According to Aaron Konopasky, JD, PhD, a senior attorney advisor to the EEOC, the ADA applies at any time - whenever a medical condition has the potential to significantly disrupt an employee's work participation. This means injured workers need to be active participants in their employers' stay-at-work and return-to-work decision-making process. Jennifer Christian, MD, MPH who chairs ACOEM's Work Fitness & Disability Section and Konopasky co-authored a summary of the way these two programs interact during the post-injury period:

"In the Worker's Compensation context, ADA-related issues can arise at any of several points along the injury management timeline. As a practical matter, employers should be pro-actively evaluating and managing Worker's Compensation and ADA legal issues concurrently.

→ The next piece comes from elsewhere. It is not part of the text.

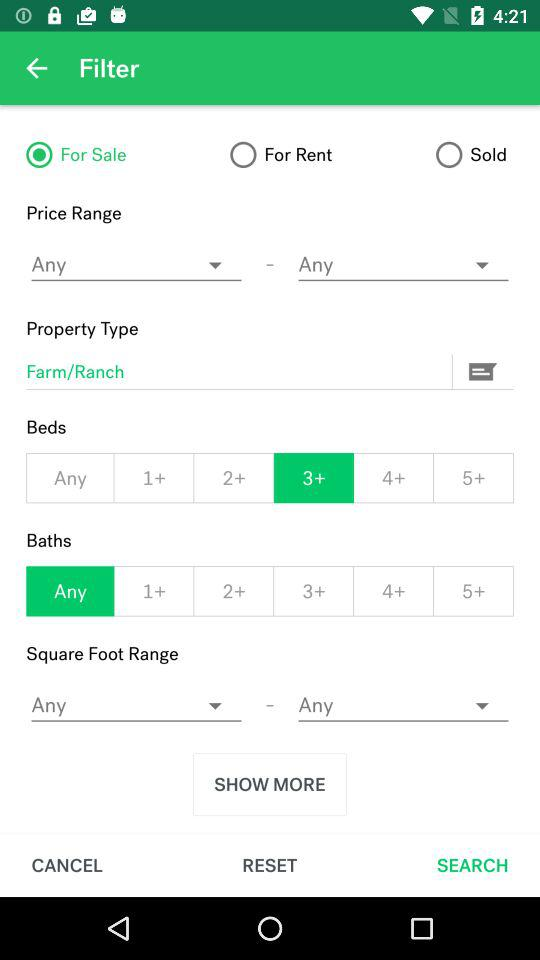How many beds are selected? There are more than 3 selected beds. 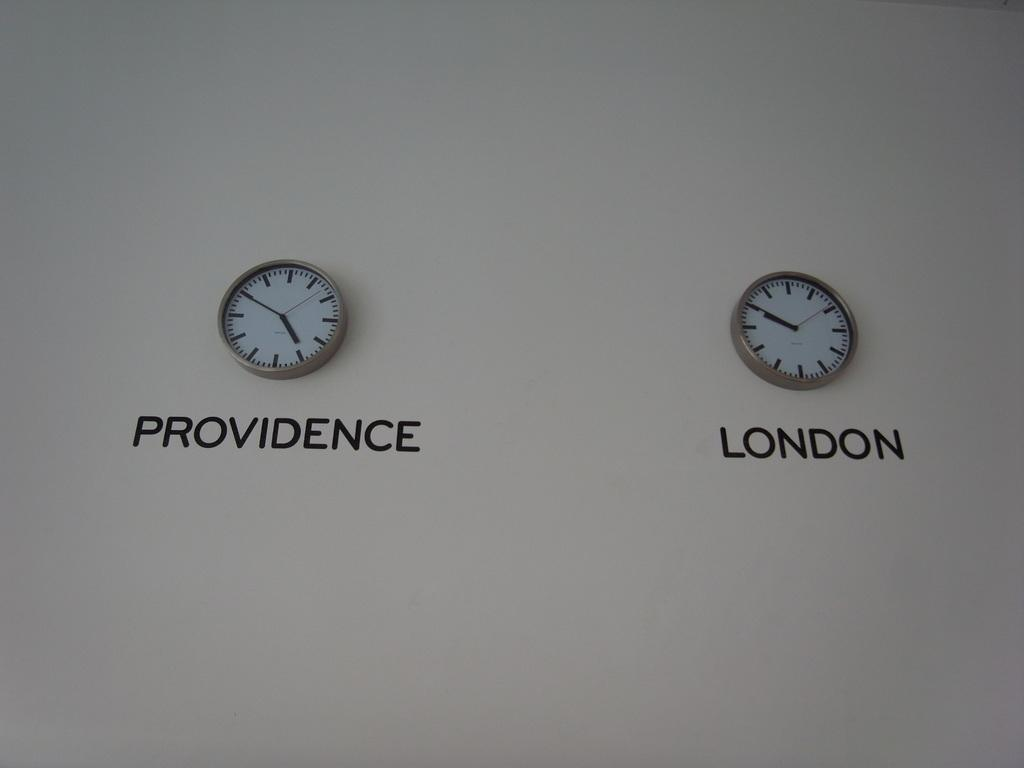<image>
Give a short and clear explanation of the subsequent image. A clock that says Providence and a clock that says London on a wall.

"This is because an employer's reasonable accommodation-related obligations begin as soon as the employer knows that an individual worker is having trouble at work because of a serious medical problem. By definition, if a doctor informs the employer that a worker has medical restrictions/limitations due to a work-related condition, whether or not the employee is actually working, the employer is now aware that a medical problem is having an impact on the employee's ability to work. If the condition has the potential to significantly disrupt the employee's work participation, the employer should immediately engage the worker in an interactive process to look for a reasonable accommodation under the ADA.

"Although the employer can stop at this point to determine whether the individual is a 'qualified individual with a disability' it may not be worthwhile. Since employees with workers' comp injuries are already employed at the time of injury, one can presume they meet the requirement of being 'qualified' for the job. And, under the much broader standards established by the ADAAA, any conditions serious enough to require medical restrictions/limitations for more than a few days or weeks (and even some conditions that have not yet caused any work disruption) are likely to meet the definition of an ADA 'disability.' An extended inquiry regarding the applicability of the ADA could result in unnecessary delay during a critical period.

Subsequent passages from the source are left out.